The course then speaks of forces between the factors, basically connoting causality or correlation. As I explained above, it takes two factors to create a force. Kumu represents these forces graphically as connections between the elements. In the course, the format used is + and - signs. This is where categorization of factors as either upstream or downstream and very often both.
A connection originates with either a plus sign meaning an increase in that factor (cause/upstream) or a minus sign meaning a decrease in that factor and ends in either a plus or minus sign to the connecting factor (effect/downstream). So an increase/decrease in A can lead to an increase/decrease in B and all the combinations possible. It can also mean moves in the same or opposite direction as in when A moves in a certain direction B moves either in the same direction or the opposite direction.
Again, any actual connections between factors representing causal relationships or forces have not been established at this point. Factors are grouped together first as either enablers or inhibitors and then categorized under a set of common characteristics or what the course called “themes”.
Taking a step back with the benefit of some hindsight, themes are part of the dynamic assembly mentioned above occurring after factor collection, separating enabling forces from inhibiting forces and then subsequently combining such forces into various themes or collections of common ideas. Themes illuminate the related forces at work within the system.
My own Systems Practice approach avoids lumping factors or blending them together by a common label to make them more homogeneous even though based on different aspects or perspectives, instead emphasizing a diversity of ideas across themes.

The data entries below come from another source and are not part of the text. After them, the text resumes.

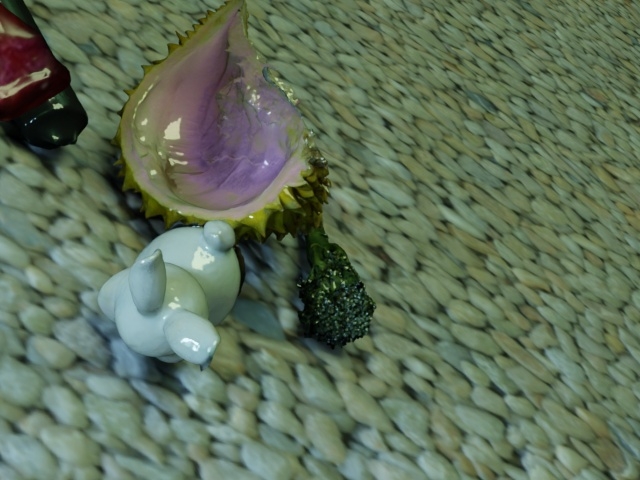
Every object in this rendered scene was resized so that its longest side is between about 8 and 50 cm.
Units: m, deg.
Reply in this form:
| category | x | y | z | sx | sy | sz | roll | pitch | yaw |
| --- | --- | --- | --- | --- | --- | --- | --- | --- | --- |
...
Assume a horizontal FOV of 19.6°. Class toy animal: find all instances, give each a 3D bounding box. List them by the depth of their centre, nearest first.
| category | x | y | z | sx | sy | sz | roll | pitch | yaw |
| --- | --- | --- | --- | --- | --- | --- | --- | --- | --- |
| toy animal | -0.087 | 0.037 | 1.093 | 0.071 | 0.085 | 0.124 | 52 | 28 | -6 |

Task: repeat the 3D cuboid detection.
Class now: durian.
| category | x | y | z | sx | sy | sz | roll | pitch | yaw |
| --- | --- | --- | --- | --- | --- | --- | --- | --- | --- |
| durian | -0.059 | -0.068 | 1.255 | 0.182 | 0.132 | 0.165 | 44 | 36 | 19 |

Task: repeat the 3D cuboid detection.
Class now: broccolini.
| category | x | y | z | sx | sy | sz | roll | pitch | yaw |
| --- | --- | --- | --- | --- | --- | --- | --- | --- | --- |
| broccolini | 0.000 | 0.000 | 1.319 | 0.051 | 0.054 | 0.239 | 13 | 25 | -14 |

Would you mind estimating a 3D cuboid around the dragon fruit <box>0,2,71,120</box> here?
| category | x | y | z | sx | sy | sz | roll | pitch | yaw |
| --- | --- | --- | --- | --- | --- | --- | --- | --- | --- |
| dragon fruit | -0.286 | -0.146 | 0.961 | 0.330 | 0.240 | 0.302 | 25 | 43 | -5 |

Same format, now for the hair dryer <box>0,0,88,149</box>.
| category | x | y | z | sx | sy | sz | roll | pitch | yaw |
| --- | --- | --- | --- | --- | --- | --- | --- | --- | --- |
| hair dryer | -0.270 | -0.182 | 1.242 | 0.244 | 0.116 | 0.302 | 0 | 48 | -51 |
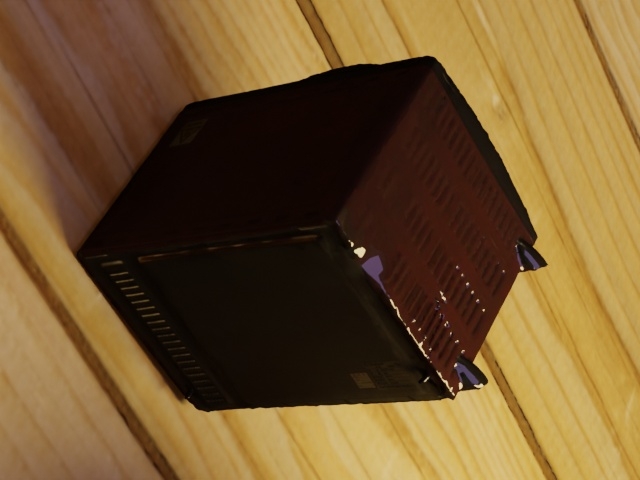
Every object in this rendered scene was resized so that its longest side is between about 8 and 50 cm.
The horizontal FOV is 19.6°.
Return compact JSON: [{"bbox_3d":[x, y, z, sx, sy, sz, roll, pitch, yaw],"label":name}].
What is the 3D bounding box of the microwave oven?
[{"bbox_3d":[-0.001,0.000,1.267,0.178,0.247,0.188,58,44,-27],"label":"microwave oven"}]
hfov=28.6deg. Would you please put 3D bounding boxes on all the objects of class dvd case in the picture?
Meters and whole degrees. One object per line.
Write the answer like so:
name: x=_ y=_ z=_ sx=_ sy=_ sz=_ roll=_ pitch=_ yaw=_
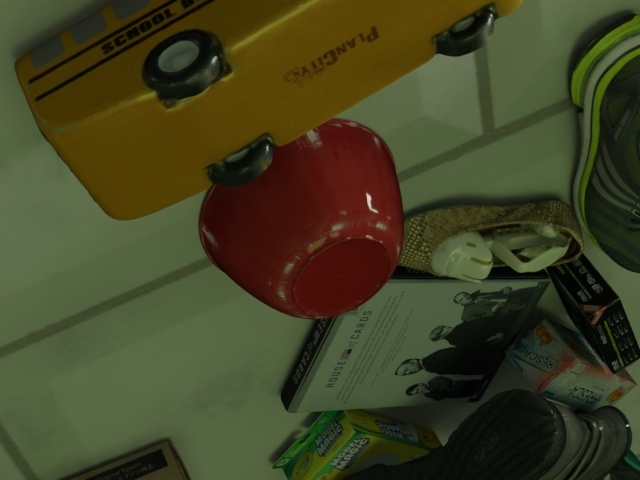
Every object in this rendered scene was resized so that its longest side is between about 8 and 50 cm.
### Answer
dvd case: x=0.095 y=0.097 z=1.244 sx=0.239 sy=0.029 sz=0.179 roll=2 pitch=129 yaw=-31

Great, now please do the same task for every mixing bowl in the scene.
mixing bowl: x=0.000 y=0.000 z=1.044 sx=0.181 sy=0.098 sz=0.181 roll=-16 pitch=137 yaw=-16

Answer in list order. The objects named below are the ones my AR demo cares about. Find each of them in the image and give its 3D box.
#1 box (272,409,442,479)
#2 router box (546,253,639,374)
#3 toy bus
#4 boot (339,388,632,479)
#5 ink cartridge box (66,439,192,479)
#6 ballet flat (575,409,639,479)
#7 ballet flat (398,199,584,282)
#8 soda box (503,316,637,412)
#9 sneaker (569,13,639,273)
box: x=0.042 y=0.233 z=1.337 sx=0.179 sy=0.043 sz=0.105 roll=22 pitch=117 yaw=-40
router box: x=0.276 y=0.068 z=1.273 sx=0.038 sy=0.092 sz=0.122 roll=-32 pitch=138 yaw=2
toy bus: x=-0.032 y=-0.144 z=0.860 sx=0.333 sy=0.130 sz=0.108 roll=-31 pitch=138 yaw=0
boot: x=0.159 y=0.277 z=1.323 sx=0.338 sy=0.118 sz=0.223 roll=-31 pitch=152 yaw=24
ink cartridge box: x=-0.205 y=0.326 z=1.249 sx=0.193 sy=0.088 sz=0.234 roll=-21 pitch=137 yaw=-13
ballet flat: x=0.334 y=0.259 z=1.512 sx=0.074 sy=0.074 sz=0.203 roll=-37 pitch=140 yaw=7
ballet flat: x=0.158 y=0.003 z=1.160 sx=0.206 sy=0.067 sz=0.073 roll=-10 pitch=136 yaw=-21
soda box: x=0.269 y=0.137 z=1.338 sx=0.058 sy=0.063 sz=0.183 roll=-44 pitch=146 yaw=15
sneaker: x=0.299 y=-0.057 z=1.143 sx=0.111 sy=0.121 sz=0.300 roll=-28 pitch=138 yaw=-3
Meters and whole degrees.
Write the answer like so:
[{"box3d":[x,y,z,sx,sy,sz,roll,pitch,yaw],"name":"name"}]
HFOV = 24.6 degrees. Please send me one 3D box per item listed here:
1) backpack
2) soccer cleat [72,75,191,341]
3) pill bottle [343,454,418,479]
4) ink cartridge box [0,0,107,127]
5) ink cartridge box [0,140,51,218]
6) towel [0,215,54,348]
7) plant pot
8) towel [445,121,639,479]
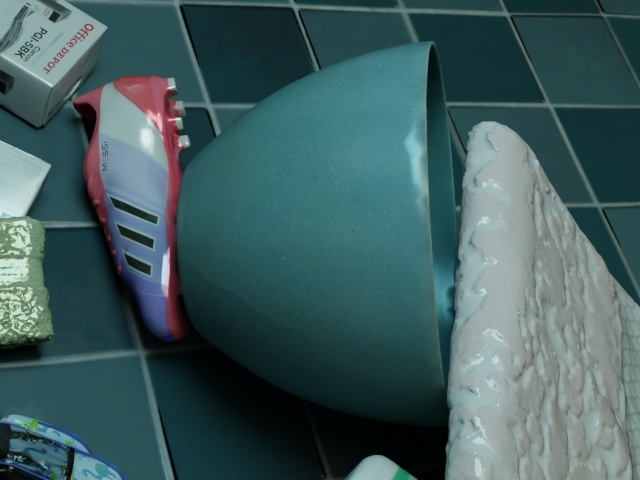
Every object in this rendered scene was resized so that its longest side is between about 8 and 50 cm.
[{"box3d":[-0.188,0.177,0.987,0.114,0.105,0.084,26,27,-17],"name":"backpack"},{"box3d":[-0.148,-0.026,1.188,0.095,0.083,0.248,-10,61,5],"name":"soccer cleat"},{"box3d":[0.113,0.324,0.950,0.361,0.204,0.204,38,48,5],"name":"pill bottle"},{"box3d":[-0.264,-0.173,1.246,0.135,0.056,0.099,31,47,0],"name":"ink cartridge box"},{"box3d":[-0.263,-0.022,1.148,0.063,0.029,0.115,25,60,-6],"name":"ink cartridge box"},{"box3d":[-0.274,0.033,1.085,0.148,0.027,0.110,-2,69,-20],"name":"towel"},{"box3d":[0.000,0.000,1.126,0.195,0.290,0.290,-3,51,9],"name":"plant pot"},{"box3d":[0.196,0.119,1.138,0.317,0.053,0.332,45,37,-36],"name":"towel"}]

Factors under Systems Practice hopefully then retain a certain independence or isolation from being made to specifically serve solely one side of the system conflict or the other until their influences within the larger system are determined. They are often shown to have counterparts that they were either influenced by or that they influenced or as said above more likely both.
So a collection of related enabling factors should become a cluster of enabling or an enabling theme and the same is done then with inhibiting factors. Similar, it would seem, to the practice of separating outside, edge puzzle pieces from inside ones or sky pieces from the ground pieces.
It is presumed to be less confusing for a group if the clusters are made up of either all enablers or all inhibitors. There can be enabling factors that drive the cost of living down alongside inhibitors that drive that same cost of living up. It will be suggested then doing two different types of loops based on a particular thematic cluster, one for the dynamics that drive the cost of living down and then another one on the dynamics that drive the cost of living up when creating systems maps with Kumu.
Another reason for separating forces into two groups of enablers and inhibitors is to ensure that the group is putting sufficient attention on those factors that make things better in the current system configuration before merging them into loops and not only focusing on those that were making things worse.
The tendency had been for past groups doing the mapping to focus on what was not working, what was making things worse, giving too little attention to the things that stabilized the system or that could have even made things better. It is hoped that focusing on enablers and inhibitors separately gets groups to put significant attention looking for those "forces" or phenomena that aren't thought about in the first place, particularly on the enabler side of the equation. Sometimes this might require taking a second look.
So the group has various collections of factors organized into different themes bringing up again the image of a puzzle party, though a closer analogy would be if instead of puzzle pieces each person brought their own photos of their particular perspective to create one common photo collage. What is being sought is moving from talking about things to creating a story.